今思えばそれは───"懐かしい"という感情だろう。

 

 

そして、その中心には相対する光が二つ。

白と赤の光。

 

その二つの光と対峙する一つの黒。

 

よく見れば、黒は既に消えかけている。

 

(所詮、この程度、か……

 

決着はもうじきつく。

ここから離れなければ……)

 

戦闘から目を離して駆け出す。

 

 

その時。

 

爆音が鳴り響く。

 

爆音の方へと目を向けると───

先程の白が、すぐ近くまで迫っていた。

 

 

白い光───これは、そう、人類の進歩。
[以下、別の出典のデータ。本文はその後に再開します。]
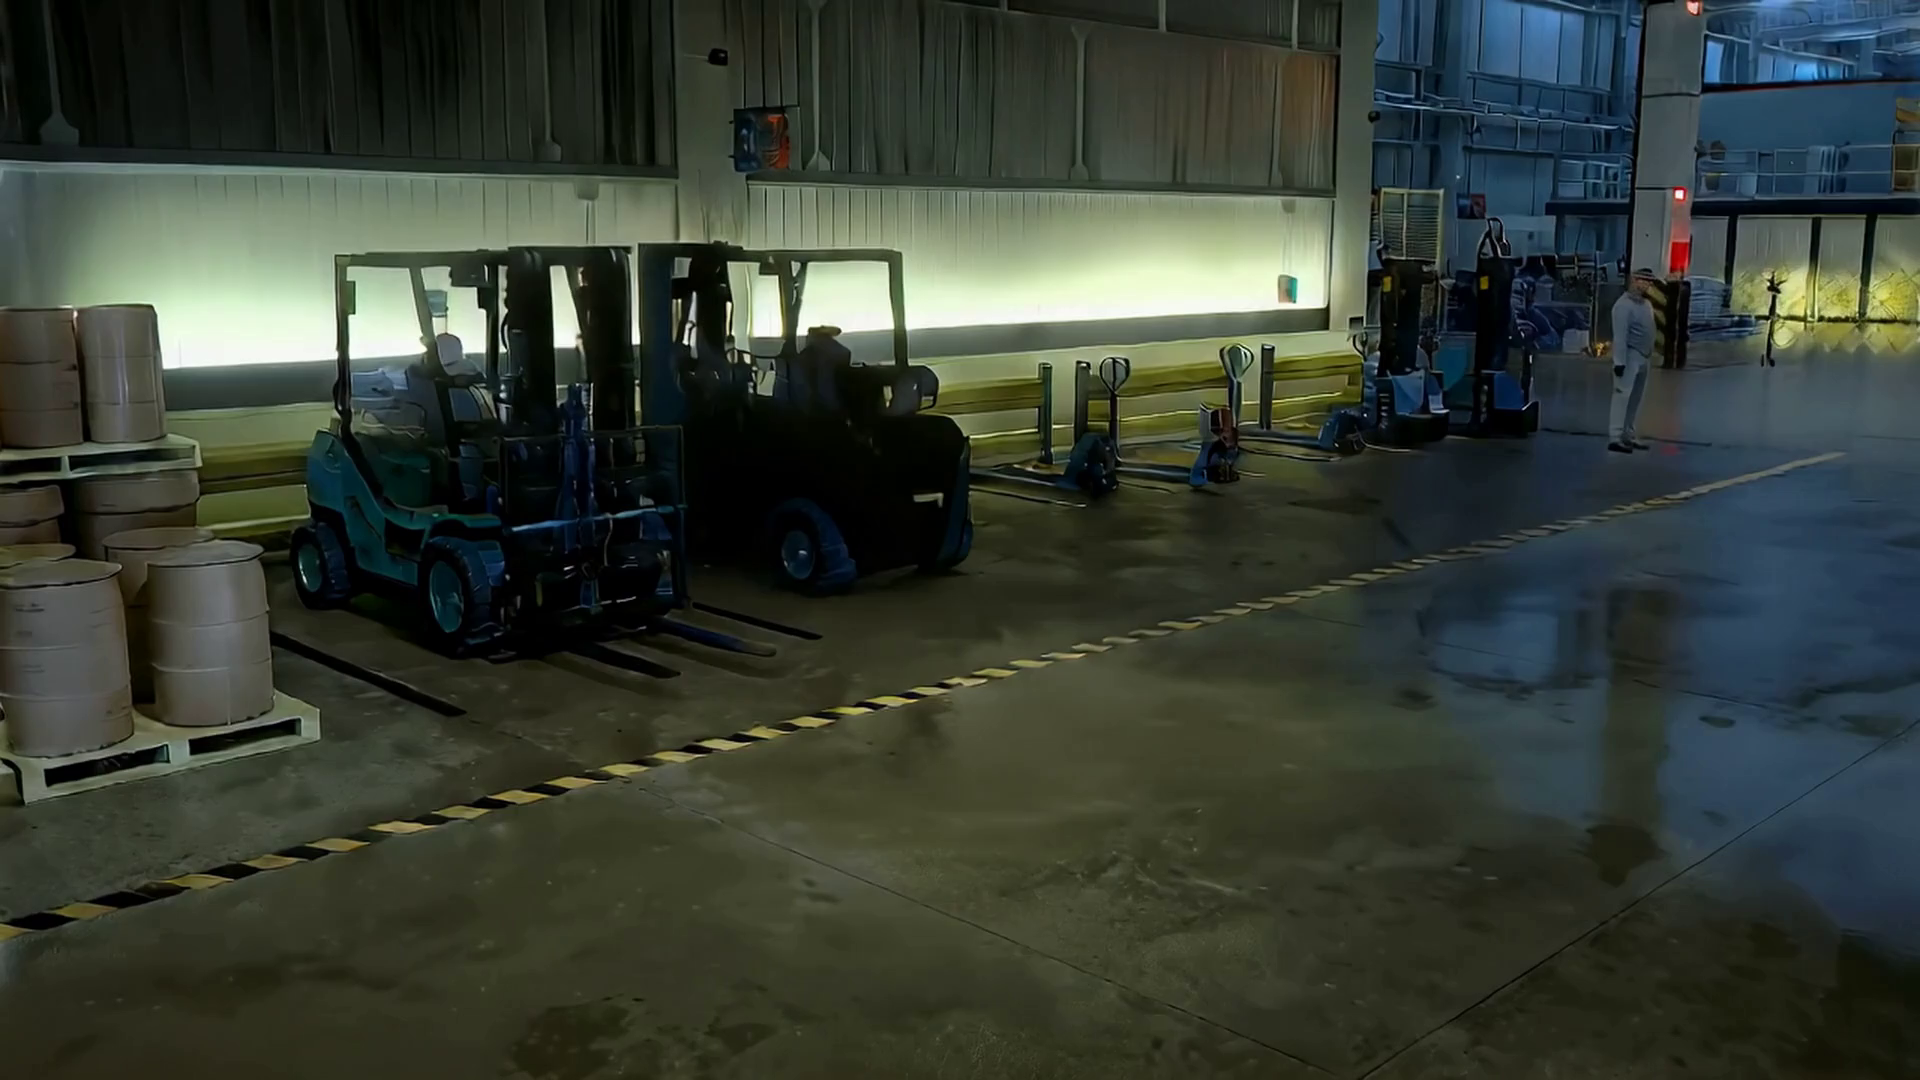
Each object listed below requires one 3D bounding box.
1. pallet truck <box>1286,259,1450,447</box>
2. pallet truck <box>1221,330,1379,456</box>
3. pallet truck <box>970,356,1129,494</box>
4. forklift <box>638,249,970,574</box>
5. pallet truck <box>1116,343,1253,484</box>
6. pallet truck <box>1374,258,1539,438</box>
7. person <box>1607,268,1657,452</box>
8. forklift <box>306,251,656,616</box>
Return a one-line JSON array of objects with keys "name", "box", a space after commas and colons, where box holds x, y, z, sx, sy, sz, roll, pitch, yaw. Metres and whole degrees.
[{"name": "pallet truck", "box": [4.493, -2.078, 18.196, 0.823, 1.965, 1.885, -9, 14, -40]}, {"name": "pallet truck", "box": [3.563, -1.581, 17.381, 0.653, 1.274, 1.630, -10, 14, -44]}, {"name": "pallet truck", "box": [0.784, -1.085, 14.876, 0.680, 1.201, 1.601, -10, 14, -44]}, {"name": "forklift", "box": [-1.173, -0.958, 11.239, 2.680, 1.987, 1.157, 10, 14, 43]}, {"name": "pallet truck", "box": [1.962, -1.215, 15.415, 1.522, 1.261, 0.704, 10, 14, 43]}, {"name": "pallet truck", "box": [5.704, -2.208, 18.901, 1.885, 1.965, 0.823, 10, 14, 43]}, {"name": "person", "box": [7.021, -1.871, 17.319, 0.654, 1.904, 0.407, -10, 14, -42]}, {"name": "forklift", "box": [-2.833, -0.669, 9.694, 1.157, 1.987, 2.680, -10, 14, -44]}]

現代科学の結晶。

(IS(インフィニット・ストラトス)───。

これは、俺の───)

 

 

 

 

俺の、なんだったんだろう?

 

 

そして俺は"白"に包まれた。

 

 

 

 

──同時刻、亡国企業アジト

 

 

「...シナリオとは、なんでしょうねぇ?」

 

白衣の学者と思しき人物が問いかける。

片手の中でチェスの駒をいくつか転がしながら外の月を見上げる。

その顔は中性的で、常に笑顔を貼り付けている顔は色白。

見ただけでは女性と勘違いされそうな、青年。

 

「ねぇ?」

 

彼はくるりと首だけを後ろに向ける。

 

そこには人の影はない。あるのは小さな丸テーブルと、その上にある音声通信機のみだ。

しばしの沈黙の後、返答が返ってくる。

どうでもいいような、気にもとめないような。

かたい男の声が。

 

 

「...さぁな。私はそんなことは興味などない。

それより、私もしばらく降りる。ここを少し頼む」

 

「おやおや...つれませんねぇ...。

急にどうしたんです?わざわざあなたが動くなんて」

 

「少し向こうを撹乱させる。

護衛はアーリアを連れていく。いいな」

 

「はいはい、どうぞご自由に。

ちゃんと任されましたよ」

 

「...ではな」

 

小さな音と共に通信が切れる。

再び駒を転がしながら彼は呟く。

 

「ちゃんと守りますよ。

まぁ、このアジトは、このアジトだけはあの『大天災』こと篠ノ之束にすら見つかっていない場所ですからねぇ♪」

 

彼は駒を放る。そのまま駒はゆっくり宙を漂ってゆく。

 

そう、ここは宇宙空間。

そしてここは亡国企業最大のアジト。

 

「まぁ、そうしたのは僕なんですけど♪」

 

巨大に見える月を背に、白衣を着た彼はとても無邪気に笑いながら漂う。

 

それは美しいと、自由だと、誰かは言うだろう──。